Final answer:
By setting up a system of equations based on the simple interest formula, we can determine that Jose invested a total of $1200.00, where $400 was placed in the 7% account and $800 in the 12% account.
Step-by-step explanation:
To solve the problem, we need to set up a system of equations based on the information given.
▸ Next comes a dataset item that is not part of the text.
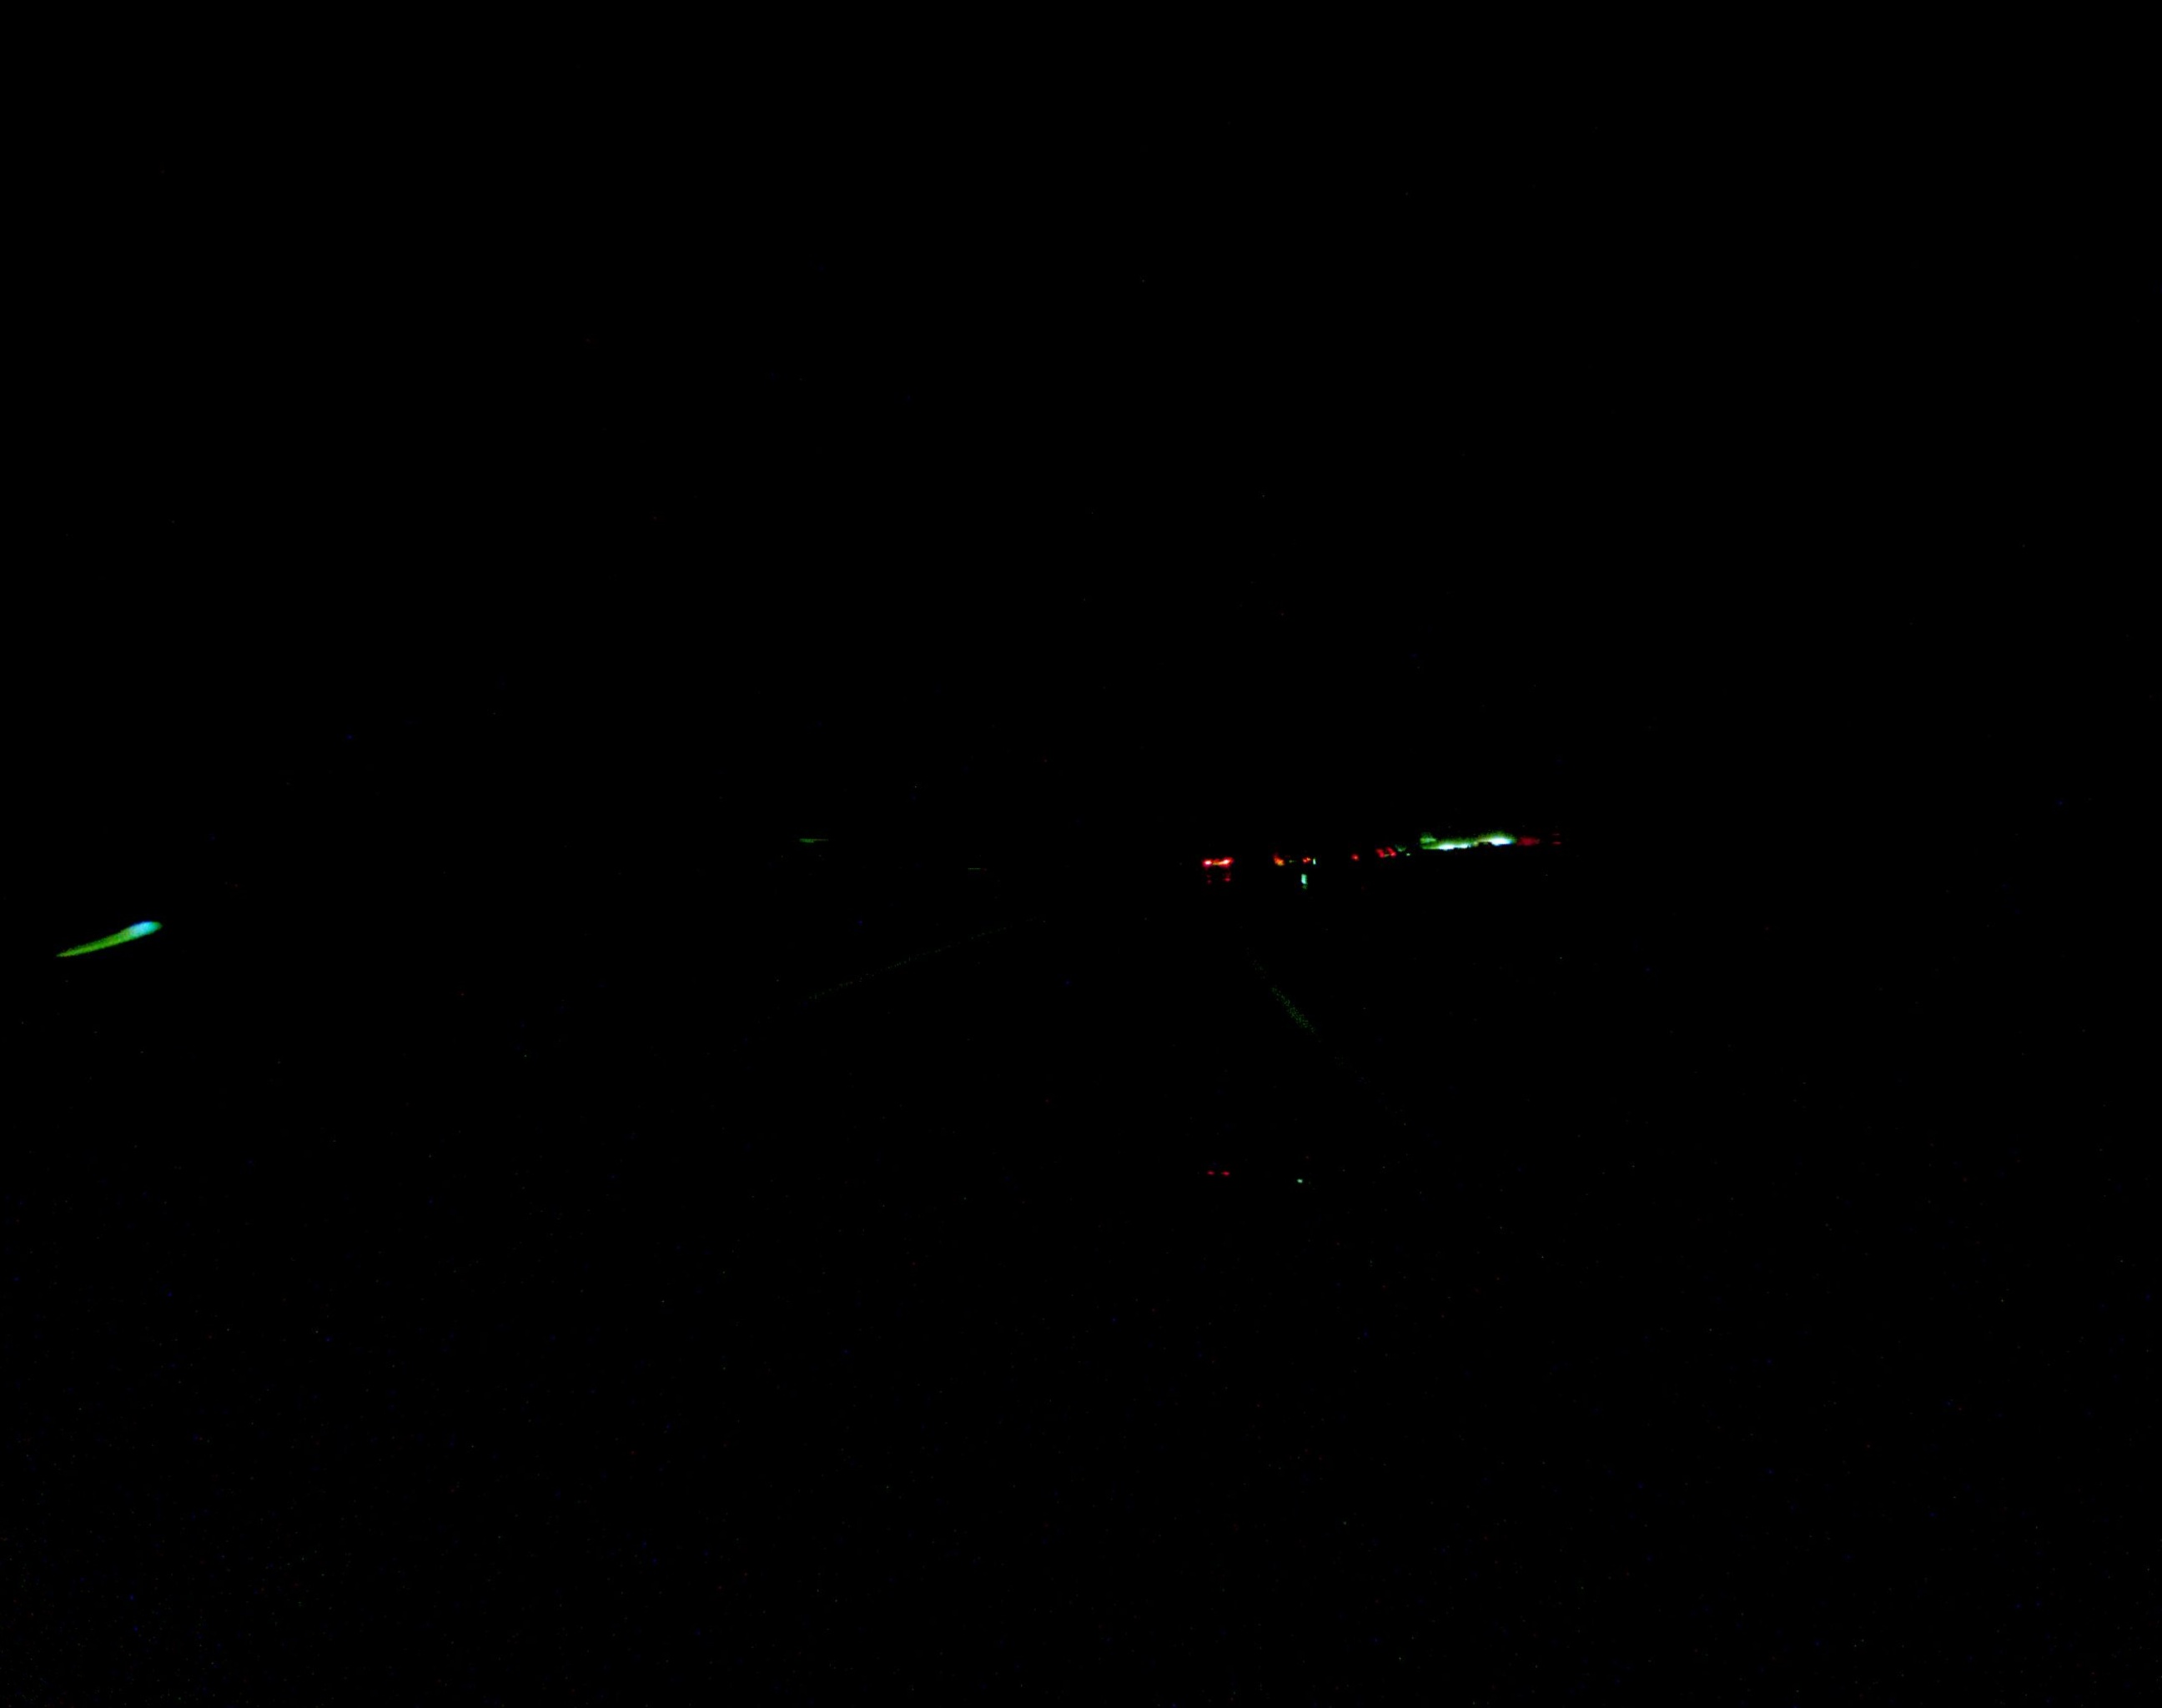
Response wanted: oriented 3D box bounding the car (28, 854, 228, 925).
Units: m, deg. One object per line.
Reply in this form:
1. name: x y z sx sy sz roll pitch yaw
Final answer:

Let's denote the amount invested in the account with a 7% interest rate as x, then the amount invested in the account with a 12% interest rate would be twice the amount, which is 2x.
Using the formula for simple interest, I = Prt (where I is the interest earned, P is the principal amount, r is the rate of interest, and t is the time in years), we can create the following equations:
- For the 7% account: Interest I1 = x * 0.07 * 1
- For the 12% account: Interest I2 = 2x * 0.12 * 1
The total interest earned from both accounts after one year is $124.00, so we can write:
I1 + I2 = $124
Substituting the expressions for I1 and I2 from the equations above, we get:
x * 0.07 + 2x * 0.12 = $124
Simplifying this gives us:
0.07x + 0.24x = $124
0.31x = $124
Dividing both sides by 0.31, we find that:
x = $124 / 0.31
x = $400
Since x represents the amount invested at 7%, the amount invested at 12% is 2x, which equals $800.
Therefore, the total amount Jose invested is x + 2x, which is $400 + $800 = $1,200.00.
The correct answer is D) $1,200.00.